Q: How do you connect kids to food programs?

We identify why families aren’t accessing food programs, then work to decrease these barriers. For example, kids tell us they don’t want to be seen as someone who gets breakfast at school, which labels them as being poor. So we work on figuring out how to eliminate that stigma, perhaps by moving breakfast out of the cafeteria and into the classroom, and making it available to everyone. Bristol, VA has a lot of poor kids, and some middle income. They all don’t qualify for free lunch. Now, each kid has a pin code they type in when they go through the cafeteria line. If the kid is low income, the government reimburses the school. If the kid is middle income, the bill goes to their parents. No one in that cafeteria line knows if the child is getting a free lunch or paying for it.

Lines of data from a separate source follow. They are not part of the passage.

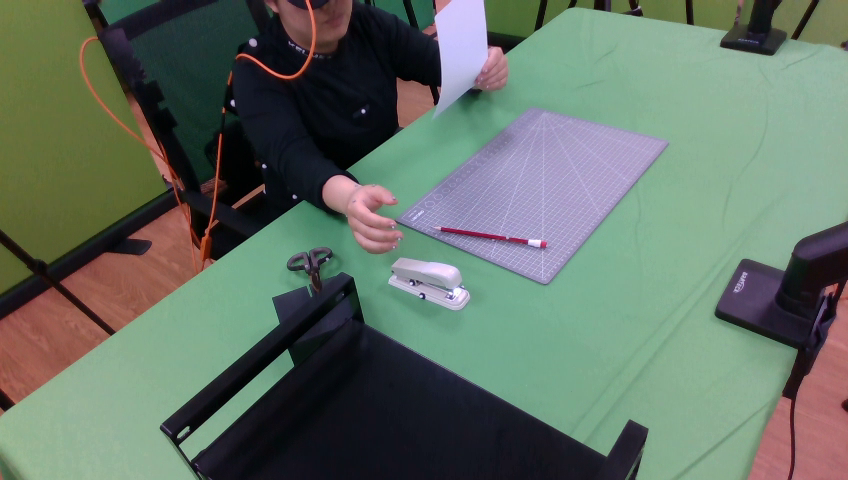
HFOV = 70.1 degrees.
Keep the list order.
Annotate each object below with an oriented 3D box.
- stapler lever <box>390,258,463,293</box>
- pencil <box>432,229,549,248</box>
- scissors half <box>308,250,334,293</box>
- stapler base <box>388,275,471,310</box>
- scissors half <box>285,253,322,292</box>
[{"bbox_3d":[0.003,0.046,0.881,0.117,0.040,0.027,17,44,29],"label":"stapler lever"},{"bbox_3d":[0.103,-0.005,0.970,0.193,0.012,0.012,8,42,18],"label":"pencil"},{"bbox_3d":[-0.158,0.046,0.913,0.040,0.013,0.174,-8,19,-4],"label":"scissors half"},{"bbox_3d":[0.007,0.066,0.897,0.129,0.024,0.041,17,44,29],"label":"stapler base"},{"bbox_3d":[-0.178,0.050,0.909,0.040,0.013,0.174,-19,21,-20],"label":"scissors half"}]

Q: A few years ago, Share Our Strength decided to focus on a single goal: Eliminating childhood hunger in the U.S. That’s when you launched the No Kid Hungry campaign. Why this laser focus?

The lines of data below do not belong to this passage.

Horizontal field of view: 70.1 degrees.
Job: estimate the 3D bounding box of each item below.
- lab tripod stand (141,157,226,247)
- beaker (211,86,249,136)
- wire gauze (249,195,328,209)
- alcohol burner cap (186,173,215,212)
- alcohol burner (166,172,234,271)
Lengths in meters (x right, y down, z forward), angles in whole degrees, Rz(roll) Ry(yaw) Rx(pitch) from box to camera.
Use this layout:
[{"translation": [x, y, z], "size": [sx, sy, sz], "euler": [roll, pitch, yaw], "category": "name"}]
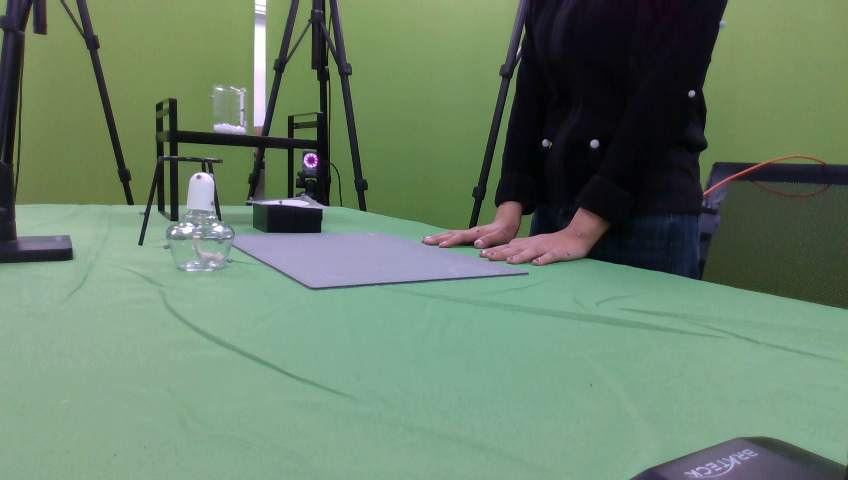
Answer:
[{"translation": [-0.352, -0.060, 0.920], "size": [0.148, 0.131, 0.148], "euler": [1, 6, 0], "category": "lab tripod stand"}, {"translation": [-0.413, -0.274, 1.298], "size": [0.074, 0.100, 0.083], "euler": [-5, 11, -44], "category": "beaker"}, {"translation": [-0.260, -0.071, 1.139], "size": [0.126, 0.011, 0.121], "euler": [-3, 12, -28], "category": "wire gauze"}, {"translation": [-0.268, -0.057, 0.731], "size": [0.034, 0.048, 0.034], "euler": [6, 2, 0], "category": "alcohol burner cap"}, {"translation": [-0.271, -0.023, 0.735], "size": [0.078, 0.119, 0.078], "euler": [2, 5, 0], "category": "alcohol burner"}]

There’s a writer named Jonathan Kozol who says that you should pick battles that are big enough to matter, but small enough to win. We realized that childhood hunger in the U.S. is a solvable problem. When it comes to hungry kids we know it’s not lack of food – there is plenty of food in this country. Rather, it’s because we have not done a good job connecting hungry kids to programs they are eligible for. Programs like school breakfasts were being underutilized by 50%!

I just got back from the El Monte school district in L.A. There are 7,000 kids in the district. 2,500 are homeless, mostly Hispanic and Asian. Many of their parents are immigrants. In the past, this would have been a prescription for these kids to be hungry. But they are not. They get school breakfast, lunch, and an afternoon snack, which some turn into dinner. This is the first time ever this has been done there. The meals are all 100% federally reimbursed. We are breaking the cycle of hunger.

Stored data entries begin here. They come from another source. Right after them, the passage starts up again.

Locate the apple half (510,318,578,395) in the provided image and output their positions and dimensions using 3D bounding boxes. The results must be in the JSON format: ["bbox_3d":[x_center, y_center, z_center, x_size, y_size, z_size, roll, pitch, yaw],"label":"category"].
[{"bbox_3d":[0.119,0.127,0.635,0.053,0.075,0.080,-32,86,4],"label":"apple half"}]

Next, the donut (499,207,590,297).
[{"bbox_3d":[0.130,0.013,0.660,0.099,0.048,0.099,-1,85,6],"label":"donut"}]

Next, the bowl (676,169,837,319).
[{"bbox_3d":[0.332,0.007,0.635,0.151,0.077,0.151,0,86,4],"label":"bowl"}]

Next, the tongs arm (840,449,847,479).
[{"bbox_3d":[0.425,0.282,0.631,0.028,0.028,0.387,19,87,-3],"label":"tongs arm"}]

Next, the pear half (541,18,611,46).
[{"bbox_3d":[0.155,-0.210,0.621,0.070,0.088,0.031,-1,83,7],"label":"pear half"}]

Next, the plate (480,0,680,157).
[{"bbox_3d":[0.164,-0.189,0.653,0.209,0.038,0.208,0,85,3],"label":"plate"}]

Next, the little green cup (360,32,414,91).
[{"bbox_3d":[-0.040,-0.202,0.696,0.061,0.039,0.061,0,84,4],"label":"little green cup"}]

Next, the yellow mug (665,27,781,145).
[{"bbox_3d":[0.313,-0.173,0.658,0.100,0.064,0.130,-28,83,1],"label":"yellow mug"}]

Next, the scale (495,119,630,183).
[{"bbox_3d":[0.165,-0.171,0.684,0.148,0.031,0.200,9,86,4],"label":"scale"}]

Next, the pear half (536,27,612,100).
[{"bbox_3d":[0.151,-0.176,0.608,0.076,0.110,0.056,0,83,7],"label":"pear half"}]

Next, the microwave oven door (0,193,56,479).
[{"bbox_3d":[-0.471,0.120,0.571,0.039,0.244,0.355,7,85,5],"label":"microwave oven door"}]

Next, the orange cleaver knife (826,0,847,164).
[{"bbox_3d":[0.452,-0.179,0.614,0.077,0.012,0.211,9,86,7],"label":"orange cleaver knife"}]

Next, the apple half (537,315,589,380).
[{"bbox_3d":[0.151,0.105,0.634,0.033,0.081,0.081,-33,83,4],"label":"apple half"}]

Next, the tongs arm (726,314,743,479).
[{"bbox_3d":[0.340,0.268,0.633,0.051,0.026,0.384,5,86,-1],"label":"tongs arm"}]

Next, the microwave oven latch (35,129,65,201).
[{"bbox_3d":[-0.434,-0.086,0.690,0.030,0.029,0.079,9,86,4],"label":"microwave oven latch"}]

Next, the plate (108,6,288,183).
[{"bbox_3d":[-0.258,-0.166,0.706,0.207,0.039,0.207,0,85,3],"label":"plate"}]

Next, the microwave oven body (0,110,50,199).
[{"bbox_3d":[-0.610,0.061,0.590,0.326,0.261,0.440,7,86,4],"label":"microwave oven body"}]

Q: How has your work changed over the last 3 years, with an occupant of the White House who seems to be hostile towards poor children?

Well, it certainly helps to have a friend in the Administration, which we had with Obama and his Secretary of Agriculture Tom Vilsack, who used his bully pulpit to advance our work. We  lack that now. Under Trump, we spend a lot of time on defensive battles, making sure school meals are protected.

Truthfully though, this Administration’s incompetence has worked in our favor. They don’t get done a lot of what they say they will do. The Administration’s threats to school meals and the SNAP program (food stamps) are sometimes intended as comments designed for political purposes, and not necessarily something Congress will pass, certainly not the House. Also, it’s important to know that almost all of what we do is at state level. It matters who the Governor is, and they just don’t seem to have the appetite to hurt people that Trump has. We work well with GOP and liberal Governors, which is encouraging.

Q: If Trump invited you to meet with him at the White House, would you go?  

Yes – if I had the opportunity to tell him his incompetence and corruption are damaging our country, I would tell him that. And I would tell him why these food programs work. But I am skeptical that he would listen. I would not go as one of his props.

Q: Would you shake Trump’s hand?

Yes. But only If I had a bottle of Purell.

Q: Tell me some Good News.

I am hopeful that we are going to be successful in ending childhood hunger within the next 10 years. This will be an historic achievement, one that will give people confidence to climb the next higher hill, to address another symptom of poverty. We’ll be able to do this because we have bipartisan support. And by the time we do it, we will have a series of best practices that we can apply to other problems. There will be an enormous ripple effect.